A study by the Commonwealth Fund and a poll by the Associated Press found a significant percentage of working age adults skip some level of healthcare due to costs being prohibitive. The reasons behind the skyrocketing costs are multifactorial. One reason includes the significant margins taken on every aspect of care. Under the healthcare umbrella are a myriad of independent but inter-dependent for profit companies. On the healthcare provider's end of things, the office space, medical equipment, the billing system or company, and the medical records system all are provided by for-profit companies most times. On the patient's end, up to 25% of the insurance premiums and other revenue that insurance companies bring in do not go towards providing medical care but instead go towards administration and shareholders. As a matter of fact, in 2014, Aetna's CEO was compensated $15 million dollars while the CEO of CHS hospital system was compensated more than $26 million dollars that same year.
Reasonably priced, effective health care is out there. But transparency of pricing has been shuttered for decades. We are finally beginning to see more companies paying more attention to making prices known to the general public. Part of this change is likely due to the significant rise in use of High-Deductible Health Plans(HDHPs) or the friendlier sounding Consumer Driven Health Plan (CDHP) which are the same thing. In these plans the bulk of medical expenses are often placed upon the patient for up to a set deductible before the health plan pays anything. However, despite the early trend towards price transparency, the bulk of healthcare consumers and providers appear to be relatively blind to the cost of care that they are either utilizing or providing.
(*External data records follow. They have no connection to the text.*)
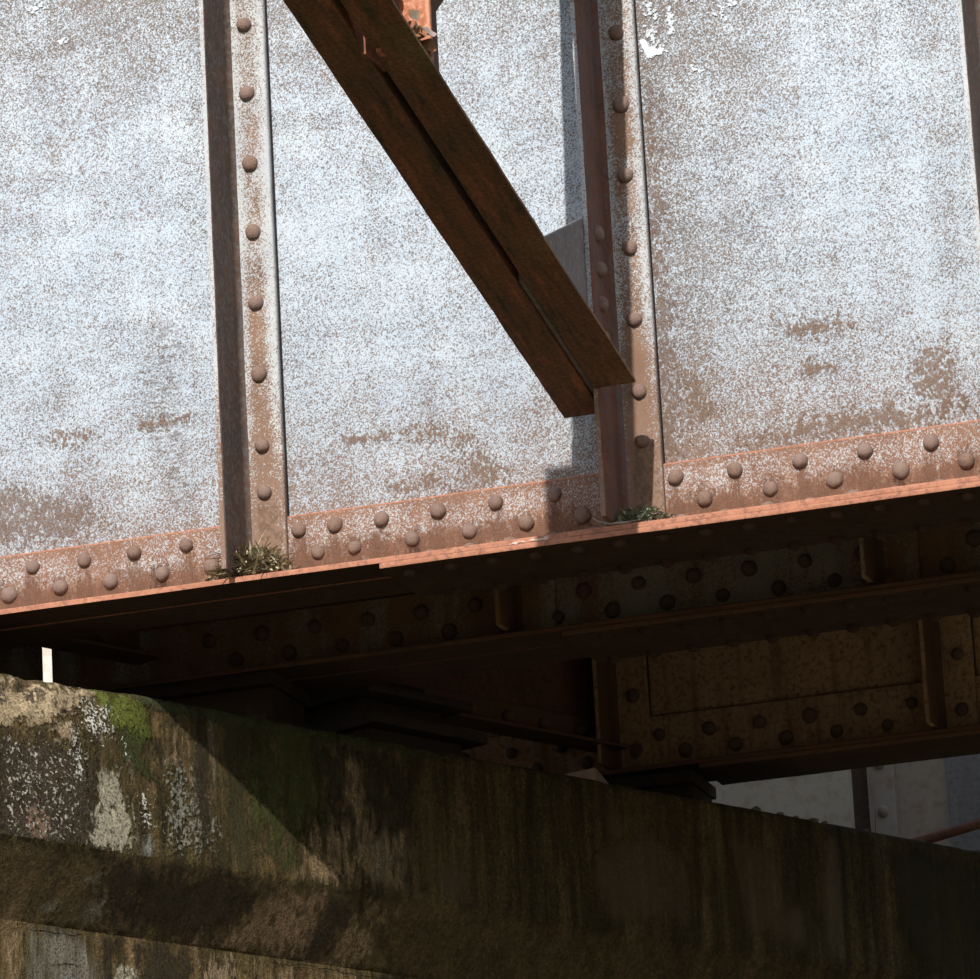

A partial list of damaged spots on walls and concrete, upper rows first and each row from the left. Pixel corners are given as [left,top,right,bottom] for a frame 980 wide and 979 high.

peeling [639,0,680,62]
corrosion [632,61,979,519]
corrosion [30,423,105,452]
corrosion [127,411,198,432]
corrosion [338,417,515,500]
corrosion [0,478,124,555]
corrosion [258,502,592,569]
corrosion [0,552,218,610]
water stain [0,705,419,979]

It still seems ingrained in our culture to not "shop" for healthcare like we do for most other items. Many probably assume that if they have a health plan than every provider that operates within that health plan will generally have approximately the same costs. A reasonable assumption I think. But, even in-network procedures can vary by over 500% according the Healthcarebluebook.com. The same scenario plays out in the already expensive Emergency Department system. One ER may cost $650 just to say "hi", while another will have a starting price that is double that, and goes up dramatically from there based on any interventions by hospital staff.
Luckily, telemedicine services are starting to defray some of the costs by providing a significantly lower entry price point for the healthcare system. A $50 - $70 telemedicine visit is significantly lower than nearly any other form of medical evaluation that can be obtained. An Emergency Room visit will be $650 +++, and Urgent Care visit likely $180 + and a standard office visit in the $110 range according to HealthcareBluebook.com. As long as the quality of care is addressed through experienced clinicians following guidelines of local and national standards when applicable and available, there is no doubt that the nation's expensive healthcare issues can be significantly addressed through a transition from standard in-facility visits to virtual telemedicine visits. In fact, a 2014 Towers Watson estimate stated that employers could save approximately $6 billion dollars/year by implementing telemedicine programs. And this does not even take into account travel expenses and lost wages due to the need to rearrange the patient's lifestyle in order to get to appointments.